En son halka da zaten şu oldu. Necati Ateş transferinde Aydın Yılmaz veya o değerde bir isim sezon sonunda Antalyaspor'a verilecek maddesi vardı. ''Aydın Yılmaz neden şimdi değil de sezon sonu gönderilecek'' dedik ve bunu ''devre arasında kanat futbolcusu alınmayacak, yine mi Aydın Yılmaz'a kaldık'' gibi şeylere bağladık.

Haklıydık aslında, o gün bunları dedim diye pişman değilim, kimse de değildir. Aydın Yılmaz'ın kötülüğünü asla istemiyorduk, onun yükselmesi bizim için müthiş bir olay olur. Galatasaray'ın kendi evladı sonuçta, böyle futbolcuların bir şeyler yapması daha bir güzel oluyor.

İşin özü, inanmıyordum ben Aydın Yılmaz'a. Fatih Terim dahi onu kıvama getiremez dedim, Aydın Yılmaz'ı yeniden futbola döndürmek zor bir olaydı, kazanılması zor bir sınav diyelim. Fatih Terim için bile, düşüncem bu yöndeydi yani.

Ama Mersin İdman Yurdu maçının ardından, Fatih Terim çıkıp ''bana sezon sonuna kadar Aydın Yılmaz'ı kazanmak için süre verin'' dediğinde de sustum, oturdum yerime. Bekledim yani, pek inanmıyor olsam bile. Şu an gördüğüm görüntü ise şu, Aydın Yılmaz futbola döndü, beklediğimiz kıvama ulaşıyor, biraz geç kalmış olsa da. 24 yaşında, hala erken aslında, yukarıda tecrübe şerbetini ufaktan içmeye başladı desem bile. Kenardan giriyor, müthiş etki ediyor, hatta sana maç kazandırıyor.

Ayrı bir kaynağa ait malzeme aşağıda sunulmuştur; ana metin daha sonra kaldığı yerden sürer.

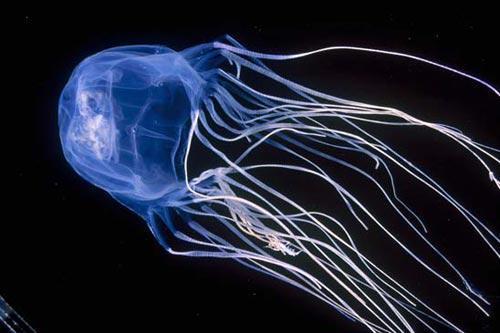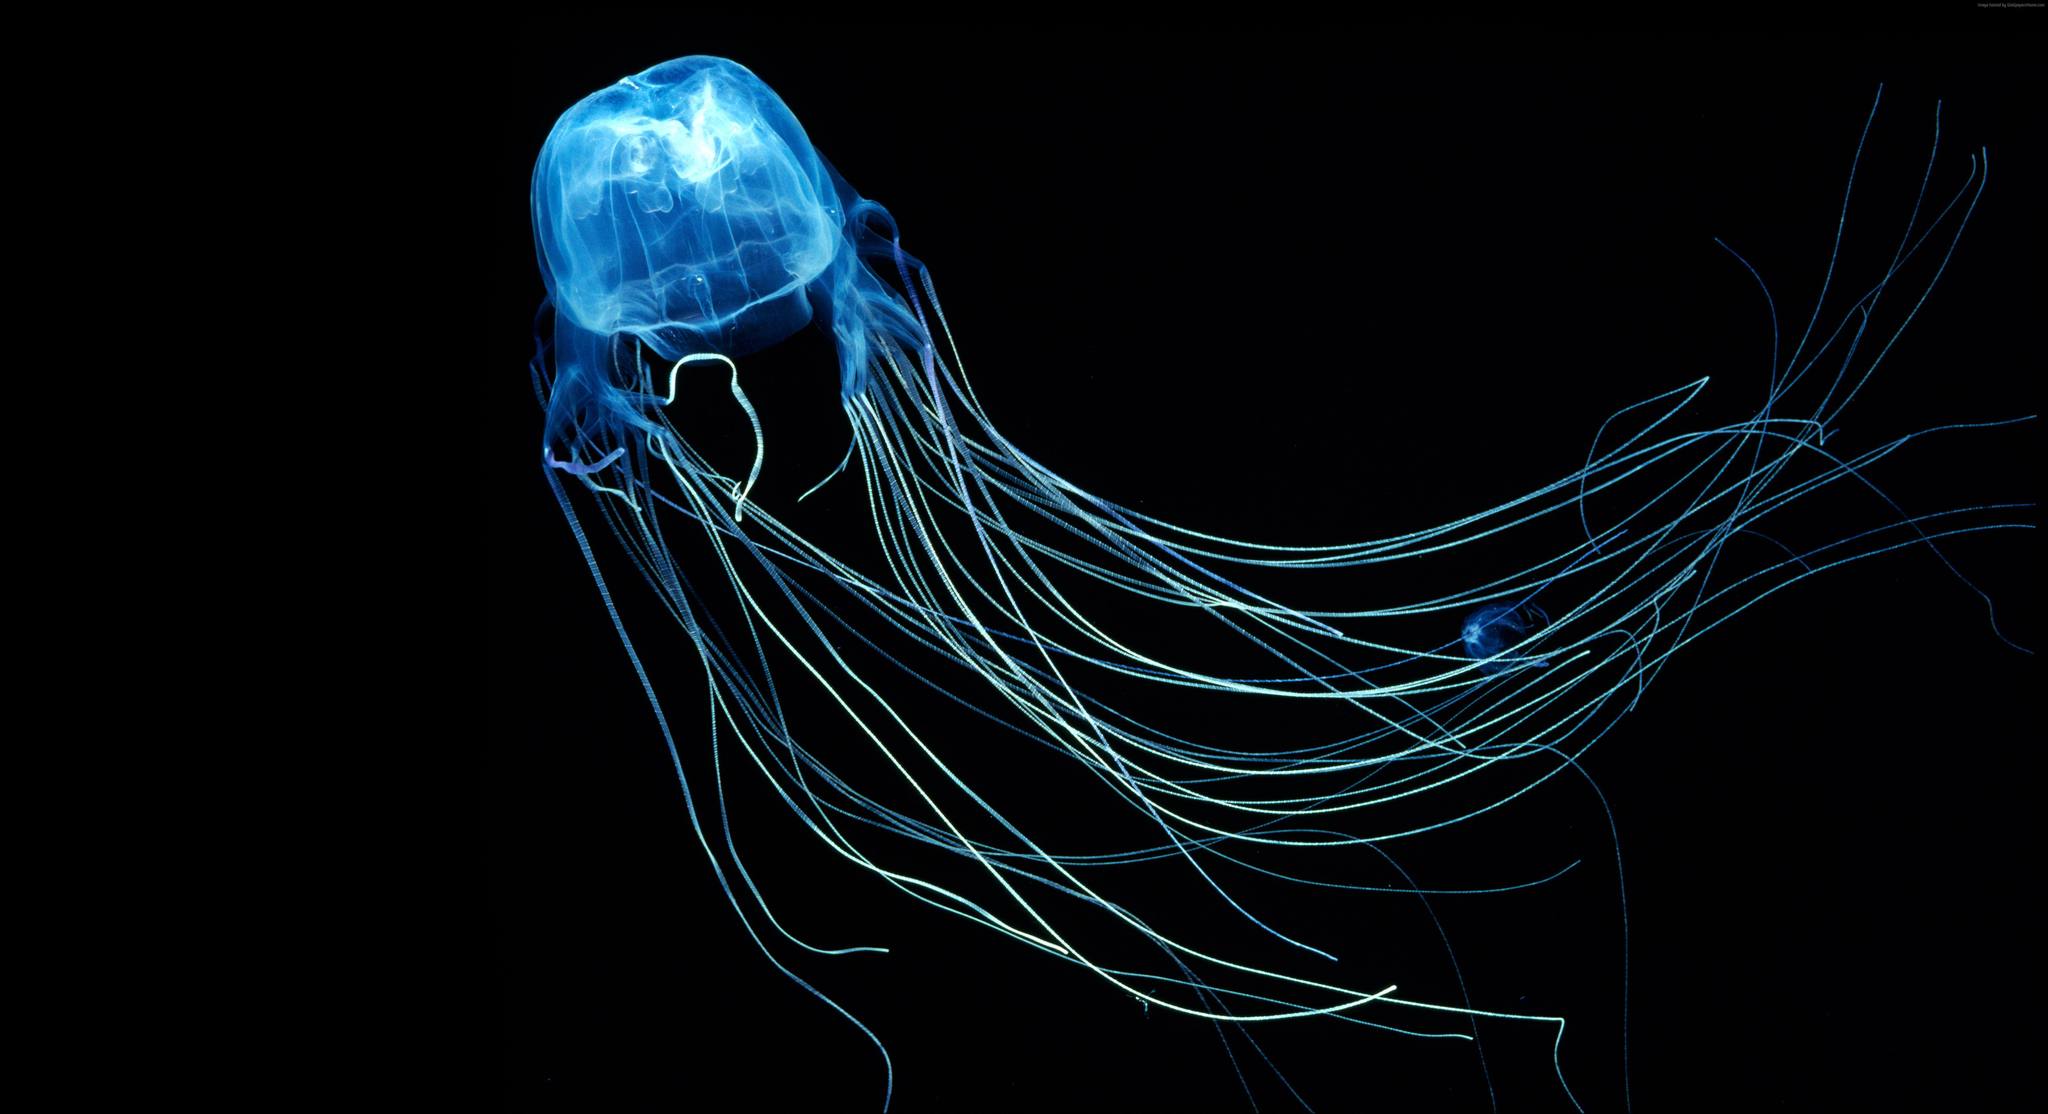The first image is the image on the left, the second image is the image on the right. For the images shown, is this caption "The jellyfish is swimming to the left in the image on the left" true? Answer yes or no. Yes. 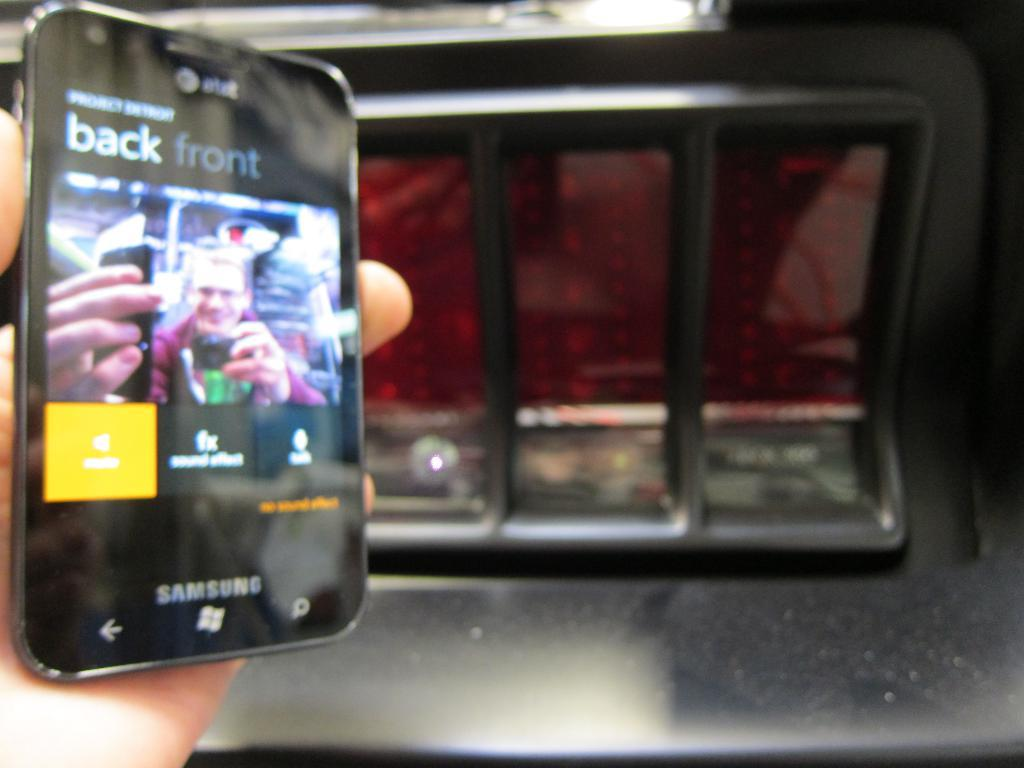<image>
Relay a brief, clear account of the picture shown. A samsung smart device that says back front on it. 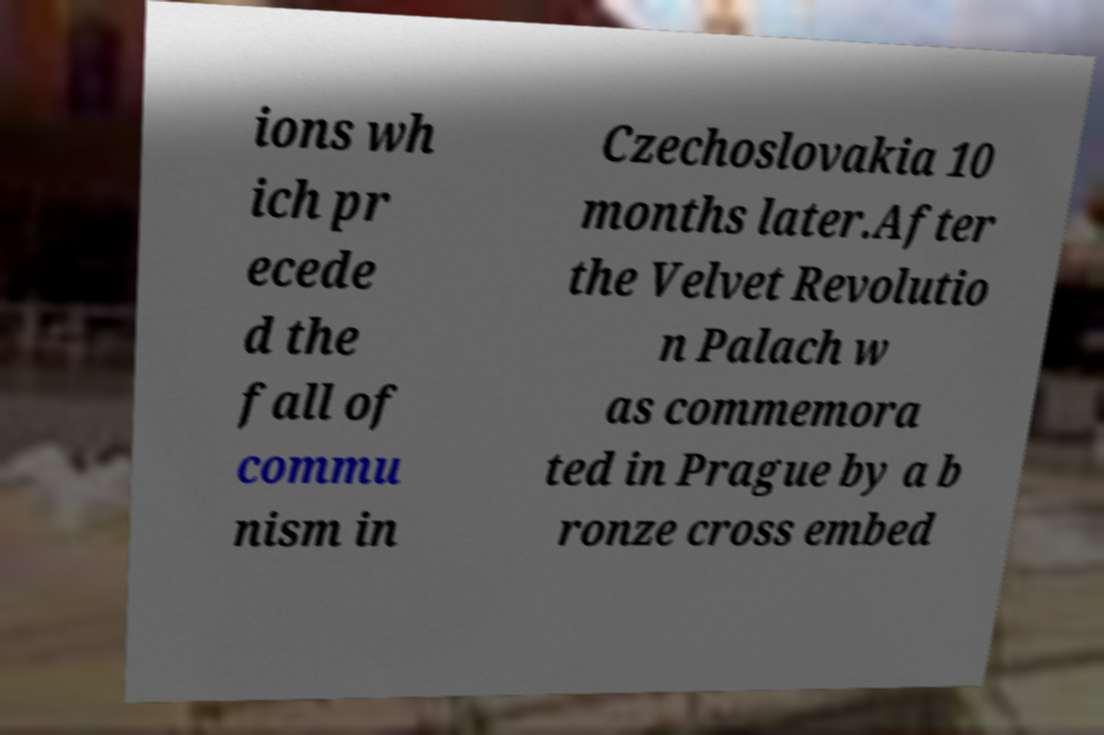Could you assist in decoding the text presented in this image and type it out clearly? ions wh ich pr ecede d the fall of commu nism in Czechoslovakia 10 months later.After the Velvet Revolutio n Palach w as commemora ted in Prague by a b ronze cross embed 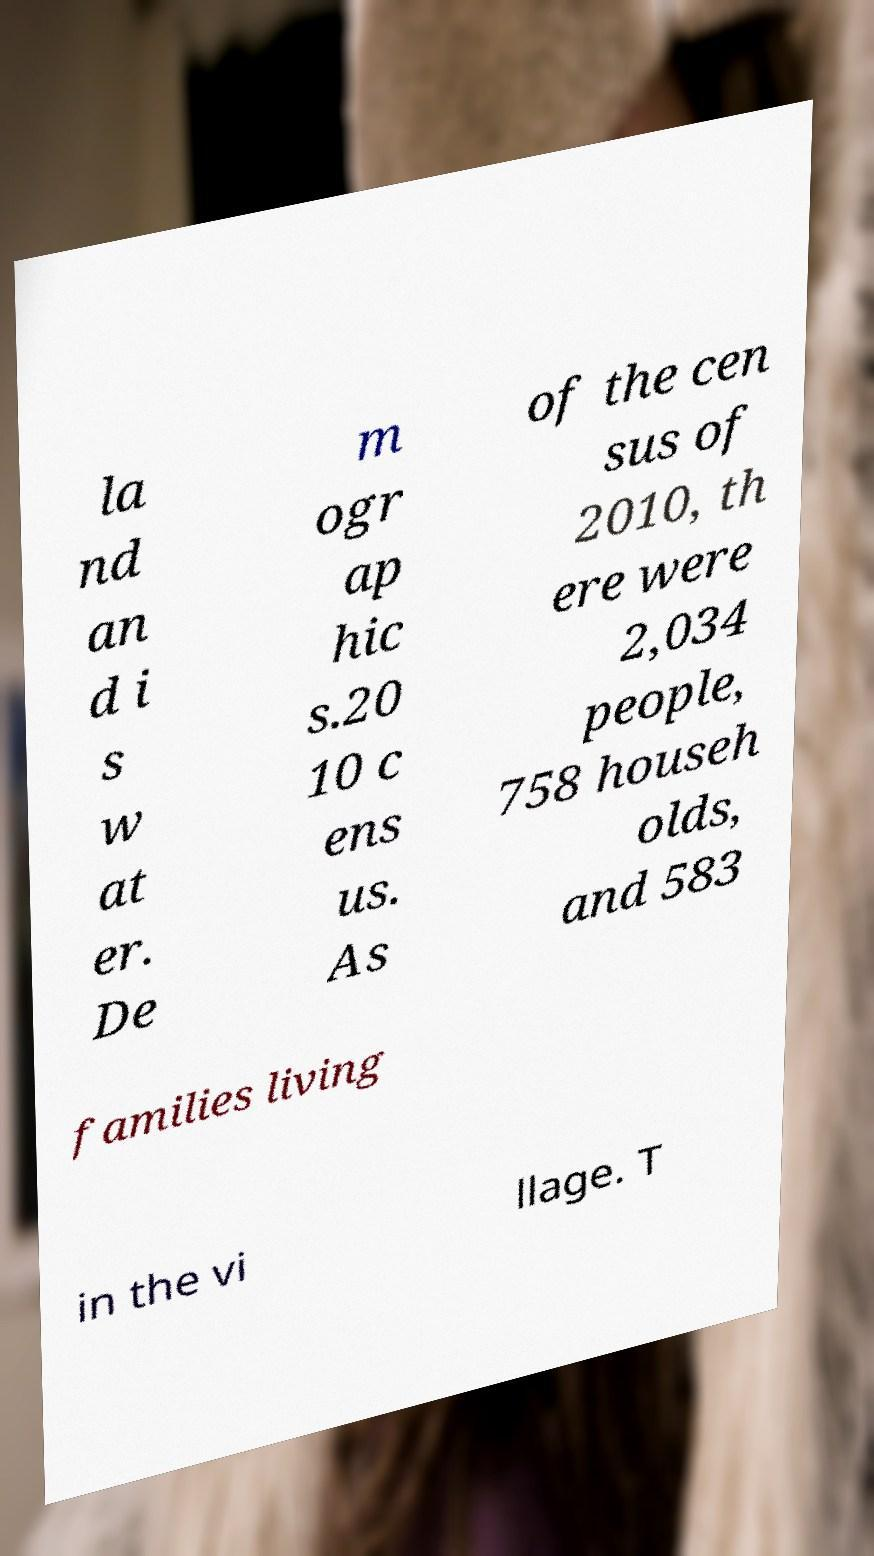Can you accurately transcribe the text from the provided image for me? la nd an d i s w at er. De m ogr ap hic s.20 10 c ens us. As of the cen sus of 2010, th ere were 2,034 people, 758 househ olds, and 583 families living in the vi llage. T

Doğal olarak Fatih Terim neden Fatih Terim olduğunu bizlere tekrar tekrar kanıtlamış oluyor. Olmazsa olmaz yoktur benim için, Fatih Terim birşey diyorsa onu mutlaka başarır. İşin geldiği nokta budur yani, Aydın Yılmaz kazanılmıştır ve Kazım gitti diye ah vah ettiğimiz ortamda meğer Aydın Yılmaz'ı kazanmışız, bunu belirtmek gerekiyor. Haliyle de günah çıkarıyorum, bunu haketti Aydın Yılmaz.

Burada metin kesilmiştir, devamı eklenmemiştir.